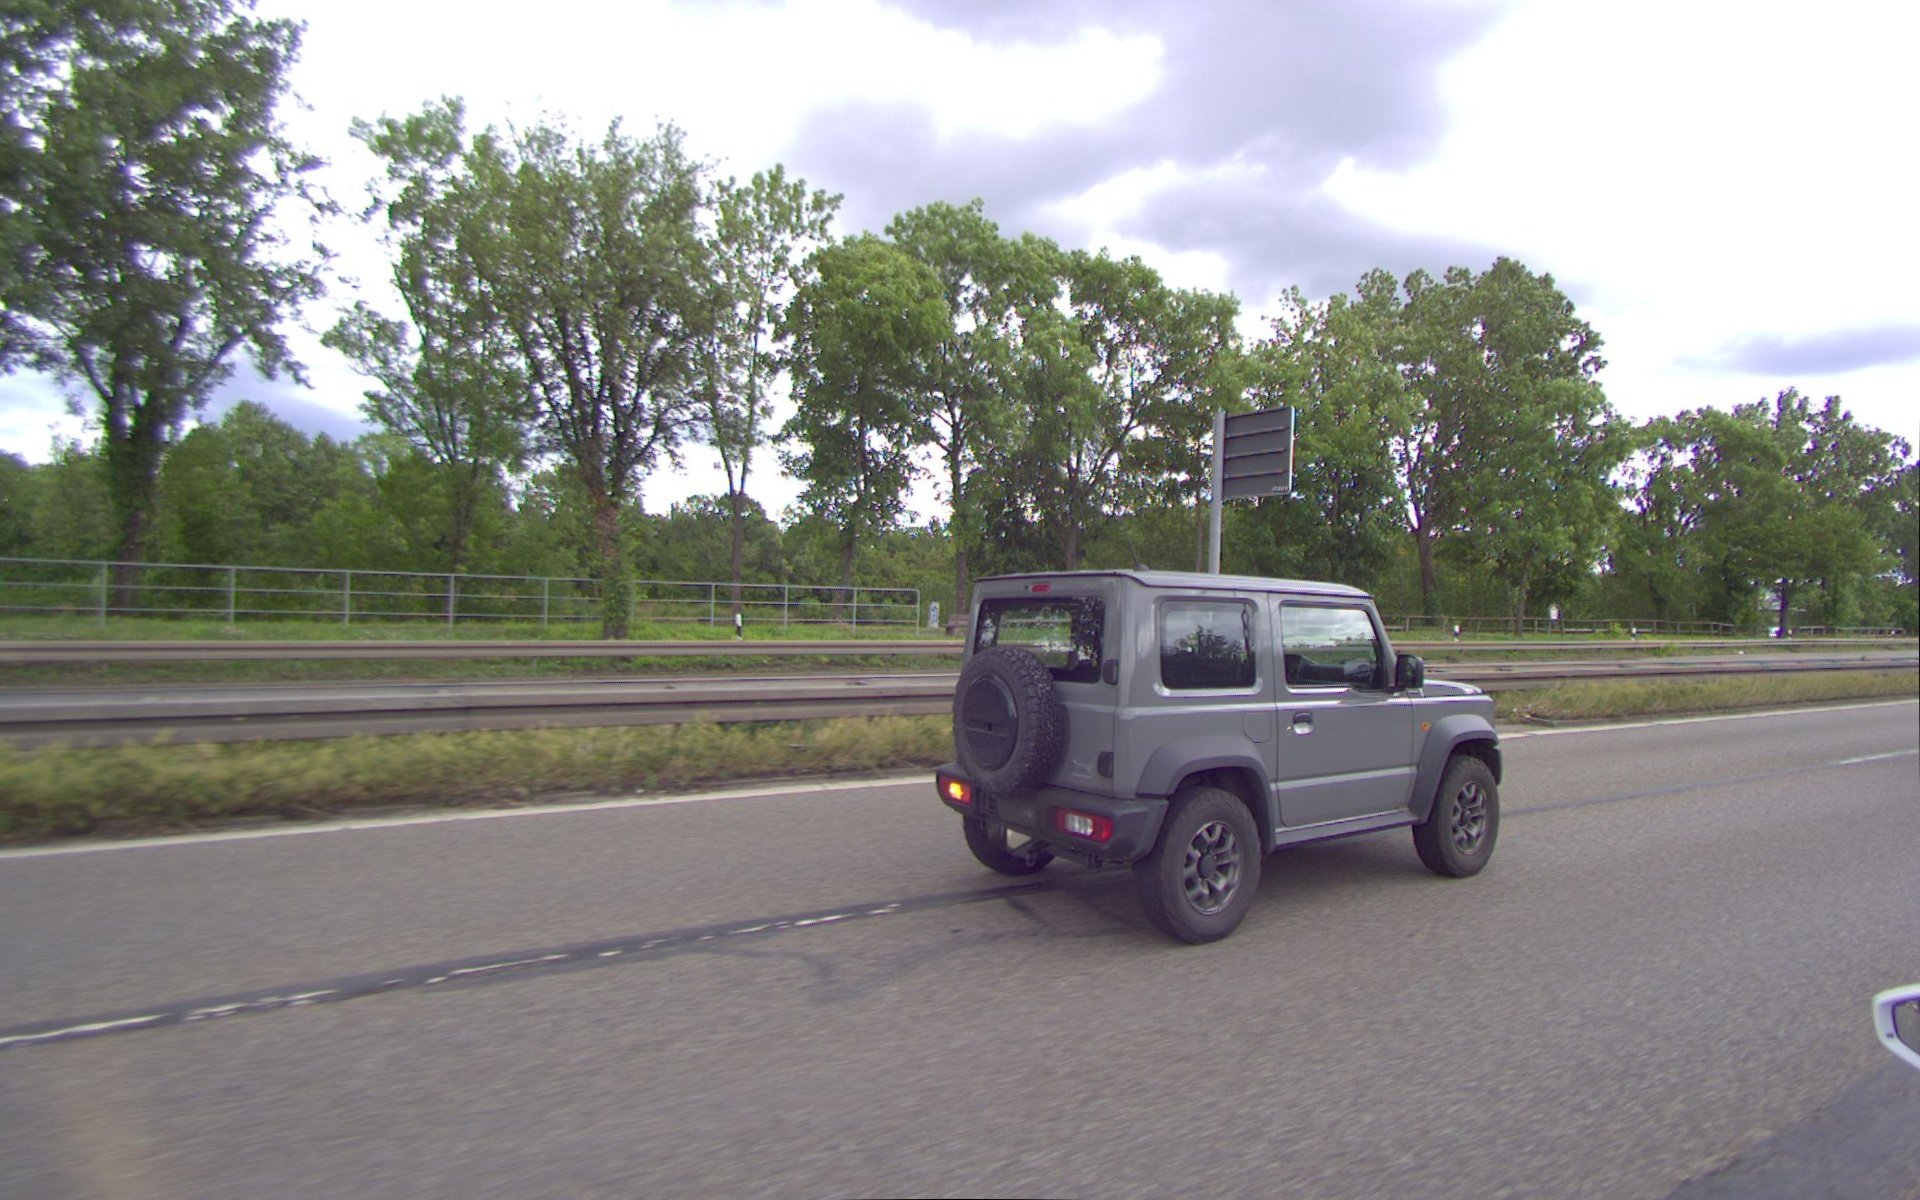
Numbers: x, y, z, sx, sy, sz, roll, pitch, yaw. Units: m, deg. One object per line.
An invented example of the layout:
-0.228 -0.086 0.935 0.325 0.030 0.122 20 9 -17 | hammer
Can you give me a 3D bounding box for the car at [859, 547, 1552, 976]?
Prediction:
1.562 0.689 5.819 3.958 1.708 1.687 1 -1 -34 | car

....

In the entries above, take the line containing "Can you give" and each later line through the last, and repeat them exactly. Output nothing else.

• Reply to the task:
Can you give me a 3D bounding box for the car at [859, 547, 1552, 976]?
Prediction:
1.562 0.689 5.819 3.958 1.708 1.687 1 -1 -34 | car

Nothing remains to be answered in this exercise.